The success of fine needle aspiration cytology (FNAC) depends to a high degree on perfecting the technique of sampling and preparation of samples. Palpation skills learnt through practice and experience, judiciously complemented by radiological image guidance when appropriate, are essential to obtain representative samples. The choice of needles, the use or not of aspiration, and the manipulation of the needle within the target relative to the type of tissue decide the adequacy of samples. Finally, correct smearing, fixation and staining of samples is critical to assure optimal preservation and presentation of cells and non-cellular components on which a confident diagnosis can be based.

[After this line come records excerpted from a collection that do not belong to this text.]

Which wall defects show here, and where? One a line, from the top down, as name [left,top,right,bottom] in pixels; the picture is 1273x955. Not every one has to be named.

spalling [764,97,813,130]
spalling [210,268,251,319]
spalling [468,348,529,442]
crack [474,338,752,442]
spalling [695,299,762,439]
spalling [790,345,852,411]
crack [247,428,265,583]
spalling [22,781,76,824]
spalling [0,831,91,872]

Consequently, the cytopathologist should be in a position to control and give advice on sampling and preparation techniques, directly or indirectly, to achieve a high proportion of satisfactory and diagnostic biopsies. Close cooperation with the referring clinician and radiologist is essential.

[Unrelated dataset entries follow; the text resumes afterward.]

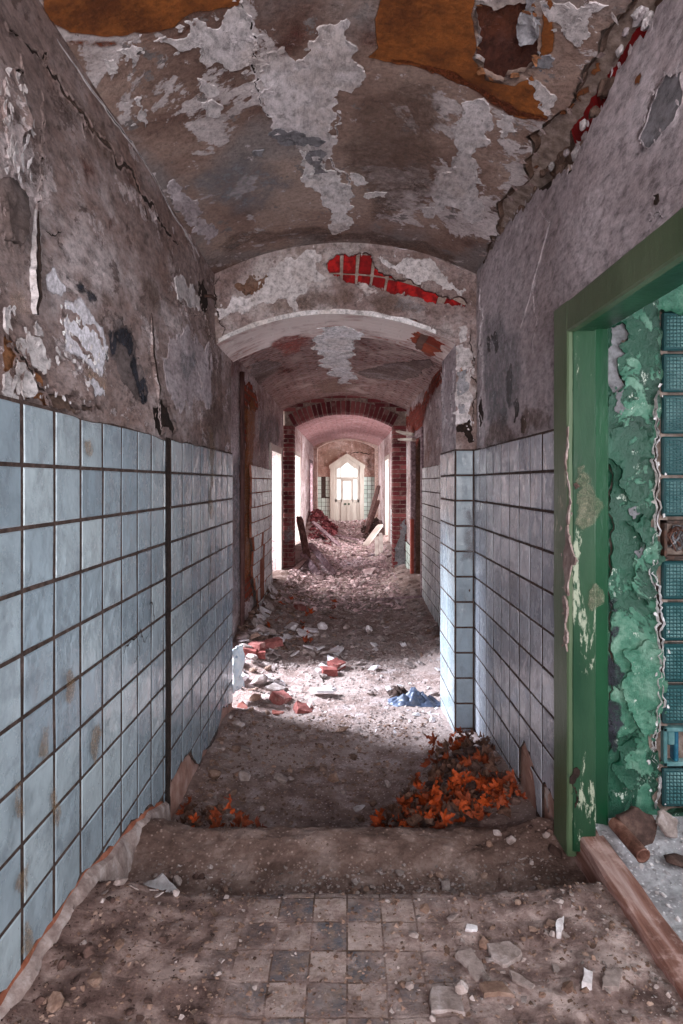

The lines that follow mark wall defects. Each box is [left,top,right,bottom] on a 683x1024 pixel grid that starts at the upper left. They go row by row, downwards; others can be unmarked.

peeling [0,67,36,184]
crack [4,20,200,257]
peeling [154,6,387,235]
peeling [417,98,546,224]
flaking render [476,0,619,116]
peeling [640,70,683,148]
water stain [46,268,148,404]
flaking render [1,209,213,435]
peeling [174,245,466,320]
peeling [311,316,484,443]
peeling [608,323,666,605]
peeling [609,639,668,792]

Indications for fine needle biopsy (FNB) of various organs and tissues are explained in detail in the following chapters. Meanwhile, some general principles apply. To be suitable for FNB, the disease process must be localized and clearly defined by clinical examination or radiological imaging. FNB may be tried in some diffuse processes with the understanding that a negative result has little value. The principles of screening by exfoliative cytology are obviously completely different.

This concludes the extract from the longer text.